Moins connu que son illustre neveu Giovanni, Andrea Gabrieli (ca 1532-1586) n'en fut pas moins une cheville éminente de la transition musicale entre la Renaissance et l'âge baroque.

Gabrieli est nommé premier organiste à Saint-Marc de Venise en 1584. Les polyphonistes flamands régnent alors sur le monde de la musique italienne (comme à peu près partout en Europe). Les compositions de cette école, en particulier dans le domaine sacré, privilégient une polyphonie assez dense, presque exclusivement vocale. Le texte y est souvent « éclaté » dans les différentes lignes de chant, et étalé dans de longues vocalises qui rappellent l’art mélismatique du Moyen-Age.

Parvenu vers la fin de sa vie, et selon ses propres termes « au faîte de [s]a force créatrice », Gabrieli décide de mettre en musique 7 poèmes tirés des Psaumes de David. C’est pour lui un véritable défi dans la mesure où, des nombreux musiciens qui tentèrent l’affaire, « aucun ne parvint selon [lui] à imiter par l’harmonie des voix le caractère pieux et dévôt donné par le prophète ». Il souhaite « composer des psaumes traduisant les émotions du pénitent en utilisant des voix et des instruments, ensemble et indépendamment ».

Suivant les exigences du Concile de Trente, le brouillard polyphonique du style flamand doit s’éclaircir.

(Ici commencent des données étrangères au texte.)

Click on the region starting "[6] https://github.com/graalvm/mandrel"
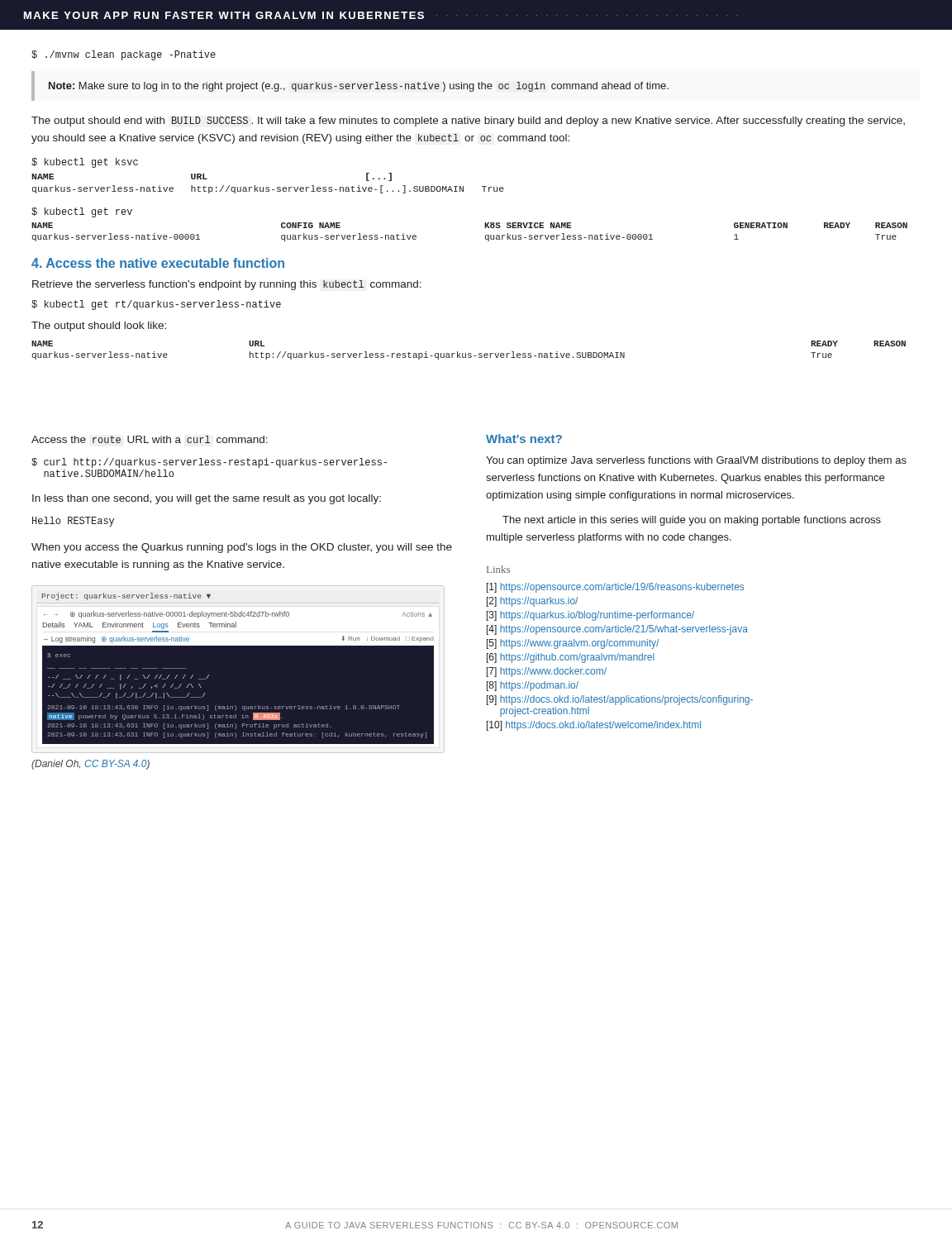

Il faut laisser place nette au texte sacré, afin de le rendre plus accessible aux fidèles.
Clarté et expressivité seront les maîtres mots de la fin de l’évolution musicale de Gabrieli. Les « Psalmi Davidici », publiés en 1583, en sont l’exemple le plus abouti. Ils constituent « un des sommets de la fin de la Renaissance » selon Paul van Nevel qui dirige ce superbe enregistrement.

Sans recourir aux colorismes et autres effets par trop « profanes » du madrigal, il resserre les lignes de la musique. Il épure l’harmonie en faisant se suivre plus étroitement le texte et la musique. Comme d’usage à Saint-Marc, le chœur est fréquemment divisé afin de produire des effets de réponse ou de halo.
Enfin, une des évolutions majeures qu’introduit Gabrieli est l’étoffement de l’effectif instrumental. A l’orgue, seul instrument toléré pour la musique sacrée, il substitue un petit orchestre de cordes et vents, soutenus par un clavecin.

Le résultat est magnifique. De la désolation à l’allégresse, de la contrition à l’espoir, le chemin du pénitent s’éclaire à travers d’amples courbes mélodiques, à l’incarnation rehaussée par l’éclat des cuivres. Le chant n’est pas seulement céleste, il s’ouvre à des nuances dramatiques poignantes, qui mettent en écho la condition du pécheur et la plénitude du ciel qu’il implore. Imperceptiblement, une forme de théâtralisation de la musique autour du texte chanté indique une voie nouvelle pour la musique italienne et par-delà, le monde baroque à venir.